Model: "sequential_5"
_________________________________________________________________
 Layer (type)                Output Shape              Param #   
 conv2d_2 (Conv2D)           (None, 26, 26, 32)        320       
                                                                 
 activation_4 (Activation)   (None, 26, 26, 32)        0         
                                                                 
 conv2d_3 (Conv2D)           (None, 24, 24, 32)        9248      
                                                                 
 activation_5 (Activation)   (None, 24, 24, 32)        0         
                                                                 
 max_pooling2d_1 (MaxPoolin  (None, 12, 12, 32)        0         
 g2D)                                                            
                                                                 
 dropout_2 (Dropout)         (None, 12, 12, 32)        0         
                                                      

Train again the model using the 0 to 4 digits

In [67]:
train_model(model,
            (x_train_lt5, y_train_lt5),
            (x_test_lt5, y_test_lt5), num_classes)

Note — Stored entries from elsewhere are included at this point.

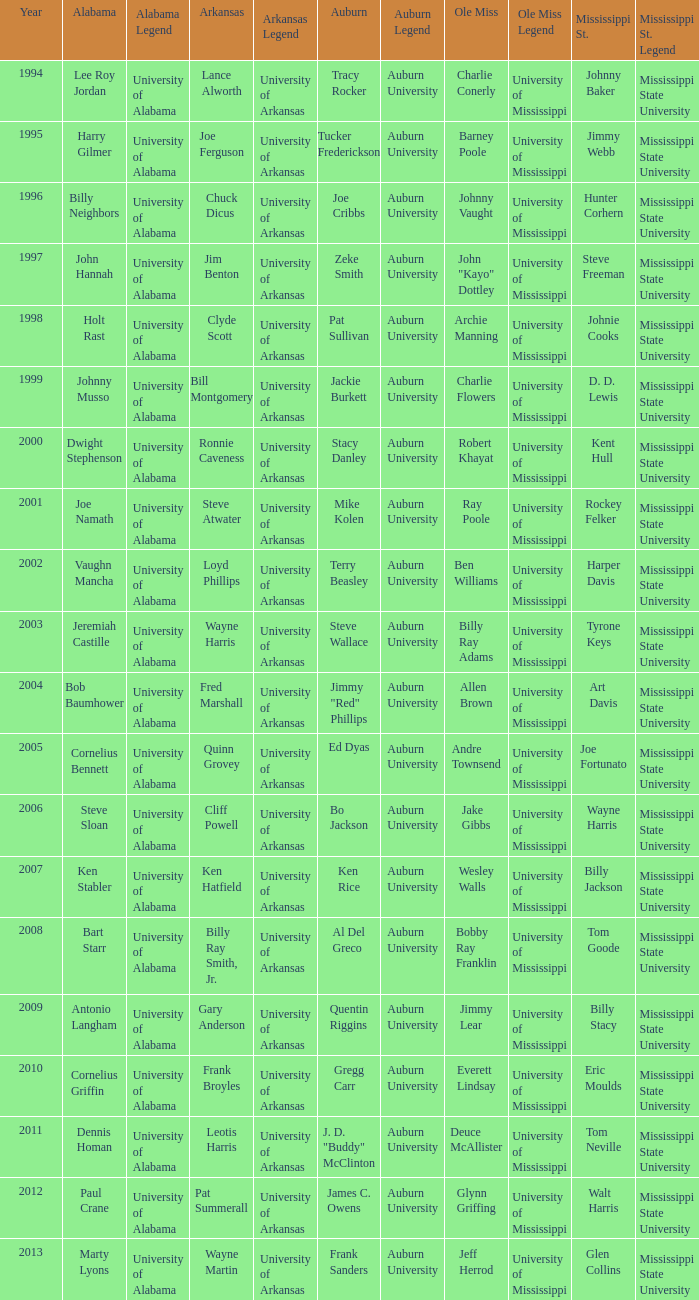Who is the Arkansas player associated with Ken Stabler? Ken Hatfield. 
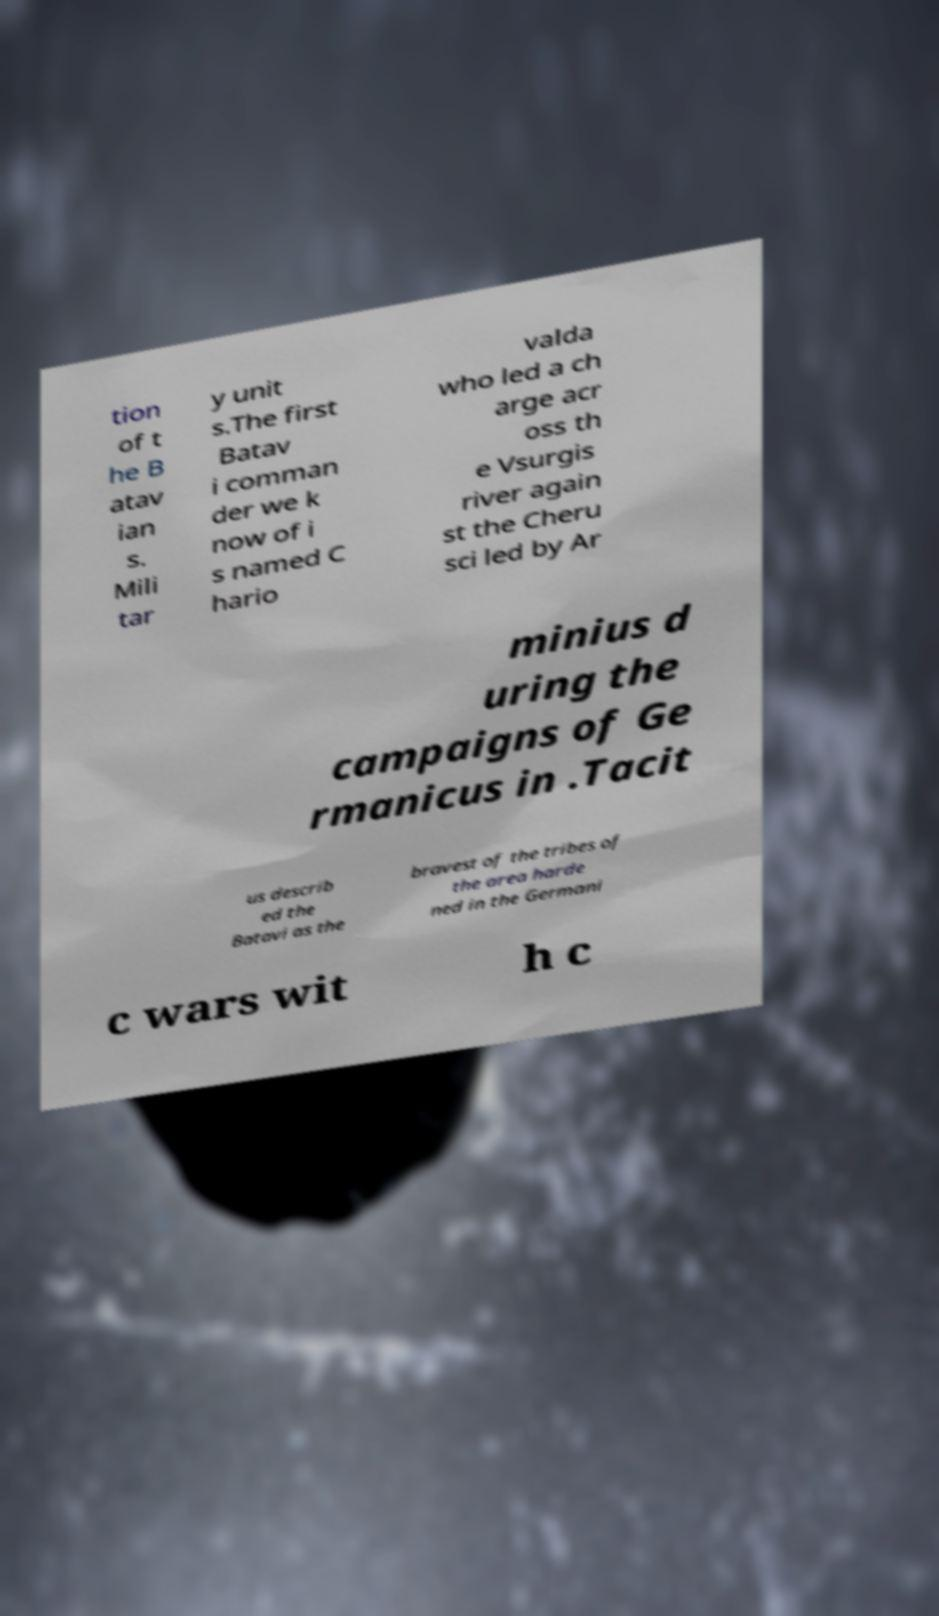Could you assist in decoding the text presented in this image and type it out clearly? tion of t he B atav ian s. Mili tar y unit s.The first Batav i comman der we k now of i s named C hario valda who led a ch arge acr oss th e Vsurgis river again st the Cheru sci led by Ar minius d uring the campaigns of Ge rmanicus in .Tacit us describ ed the Batavi as the bravest of the tribes of the area harde ned in the Germani c wars wit h c 
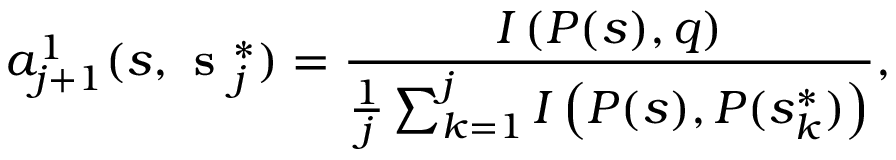<formula> <loc_0><loc_0><loc_500><loc_500>a _ { j + 1 } ^ { 1 } ( s , s _ { j } ^ { * } ) = \frac { I \left ( P ( s ) , q \right ) } { \frac { 1 } { j } \sum _ { k = 1 } ^ { j } I \left ( P ( s ) , P ( s _ { k } ^ { * } ) \right ) } ,</formula> 
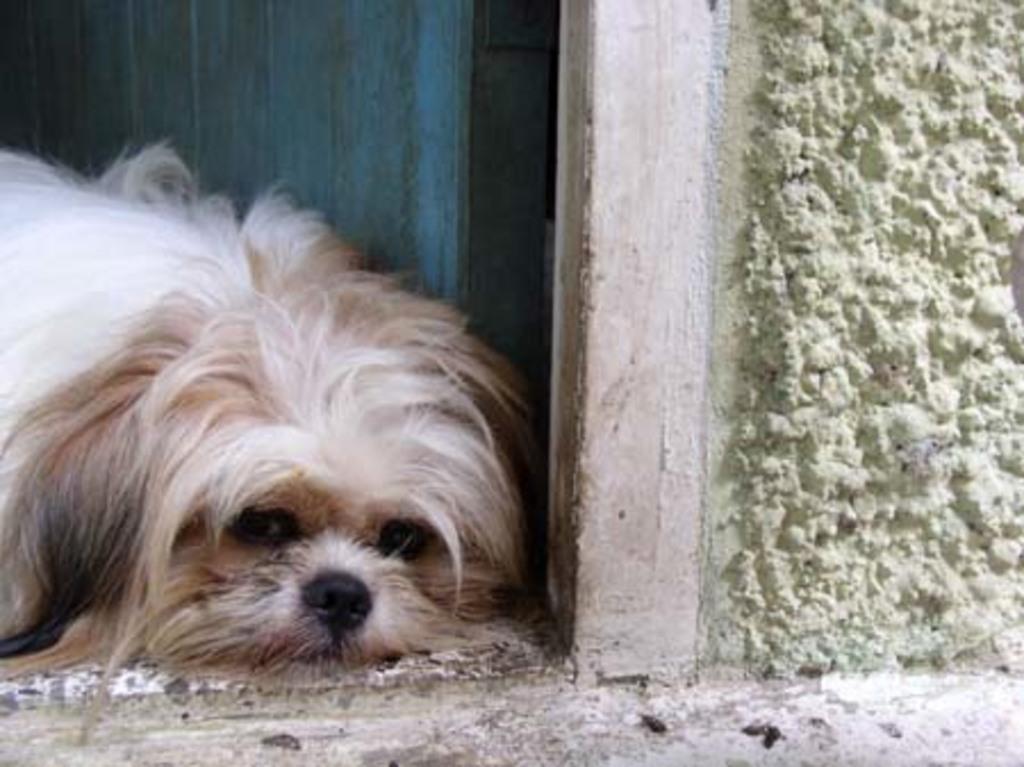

x_train shape: (30596, 28, 28, 1)
30596 train samples
5139 test samples
Epoch 1/5
Epoch 2/5
Epoch 3/5
Epoch 4/5
Epoch 5/5
Training time: 0:01:14.749428
Test score: 1.4240431785583496
Test accuracy: 0.8143607974052429


#### Supplementary Activity
Now write code to reverse this training process. That is, you will train on the digits 0-4, and then finetune only the last layers on the digits 5-9.

In [68]:
train_model(model,
            (x_train_lt5, y_train_lt5),
            (x_test_lt5, y_test_lt5), num_classes)

x_train shape: (30596, 28, 28, 1)
30596 train samples
5139 test samples
Epoch 1/5
Epoch 2/5
Epoch 3/5
Epoch 4/5
Epoch 5/5
Training time: 0:01:22.688531
Test score: 1.2650330066680908
Test accuracy: 0.9171044826507568


In [69]:
for l in feature_layers:
    l.trainable = False

In [70]:
train_model(model,
            (x_train_gte5, y_train_gte5),
            (x_test_gte5, y_test_gte5), num_classes)

x_train shape: (29404, 28, 28, 1)
29404 train samples
4861 test samples
Epoch 1/5
Epoch 2/5
Epoch 3/5
Epoch 4/5
Epoch 5/5
Training time: 0:01:13.896661
Test score: 1.3308072090148926
Test accuracy: 0.7175478339195251


#### Conclusion

The model's accuracy increased from 70% to 81% when it was first trained using activity digits that were greater than or equal to 5, frozen, and then trained again using digits less than 5. However, the accuracy of the model dropped drastically from 92% to 72% when we reversed the process, first training it with digits less than 5, then freezing the feature layers, and fine-tuning it with digits greater than or equal to 5. Even though the test score shifts, it is crucial that it declines because this indicates improved performance and indicates how well the model functions with unknown data. Accuracy has been mostly the focus of this exercise, but I believe that other factors, such as training time, may also be significant in real-world applications. Additionally, this activity used the MNIST dataset, which is a very basic dataset consisting only of digits. Through this exercise, it teache us how to use models in the context of transfer learning to enhance performance on a new task.